Ces principes ne sont pas si abstraits qu’il y paraît. Ils proclament ce que l’expérience montre : la souveraineté du peuple est affaire de rapport de force. Elle n’est jamais octroyée, elle n’est jamais concédée. Les puissants ne s’y résignent jamais. Sans cesse recommencée, la lutte pour la souveraineté du peuple consiste à en conquérir puis à en maintenir la puissance. C’est d’ailleurs l’objet initial de la Révolution citoyenne dont je me réclame. Elle ne triomphe qu’en acquérant les moyens de puissance du peuple lui permettant de vaincre les entraves qui le retiennent hors du pouvoir sur son histoire.

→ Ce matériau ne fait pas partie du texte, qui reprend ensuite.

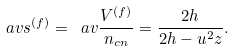Convert formula to latex. <formula><loc_0><loc_0><loc_500><loc_500>\ a v { s } ^ { ( f ) } = \ a v { \frac { V ^ { ( f ) } } { n _ { c n } } } = \frac { 2 h } { 2 h - u ^ { 2 } z } .</formula> 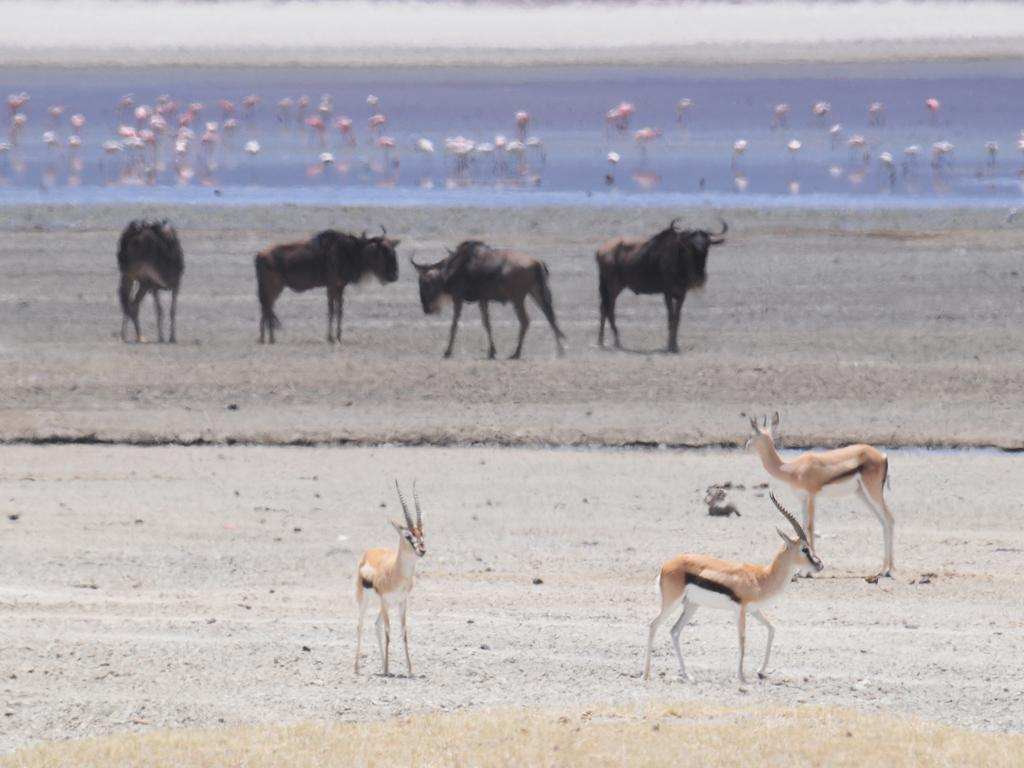What type of animals can be seen on the ground in the image? The specific type of animals cannot be determined from the provided facts, but there are animals on the ground in the image. What can be seen in addition to the animals on the ground? There is water visible in the image, as well as other objects. Can you describe the water in the image? The facts do not provide enough information to describe the water in detail, but it is visible in the image. How many times do the animals laugh in the image? There is no indication that the animals are laughing in the image, as laughter is a human behavior and not applicable to animals.

Si nous sommes victorieux dans les urnes en 2022, on pourrait qualifier la ligne de conduite de notre gouvernement comme un programme de souveraineté élargie. Il travaillerait en effet à élargir le pouvoir du peuple aux domaines dont il est actuellement exclu et à lever partout les dominations le limitant. Je le répète : la souveraineté populaire désigne ici la capacité du peuple à disposer librement de tout ce qui concerne sa vie collective.

À la volonté populaire, il faut donc faire correspondre les moyens de la réaliser. Ceux qui comme moi ont observé, pour apprendre d’eux, les gouvernements de la vague démocratique en Amérique latine savent que le déficit de puissance fut le principal obstacle à surmonter.

Capacité d’agir

Entrons donc à présent dans les aspects concrets que nos conceptions impliquent. Affirmons que les meilleurs programmes sont condamnés à rester une liste de vœux pieux sans les capacités disponibles pour les réaliser. Ces capacités sont la disponibilité populaire, le caractère collectif de la prise de décision, le niveau d’éducation et de qualification, le capital industriel accumulé, la qualité des services publics, la solidité de l’État, ses capacités de financement ou la sûreté du territoire. Il est impossible de faire l’impasse sur ces éléments. Combien de gouvernements de transformation sociale, dans des pays que des impérialismes avaient maintenus dans une forme de sous-développement, ont dû composer parce qu’ils trébuchaient face à la difficulté de réunir les moyens de réalisation d’une décision ?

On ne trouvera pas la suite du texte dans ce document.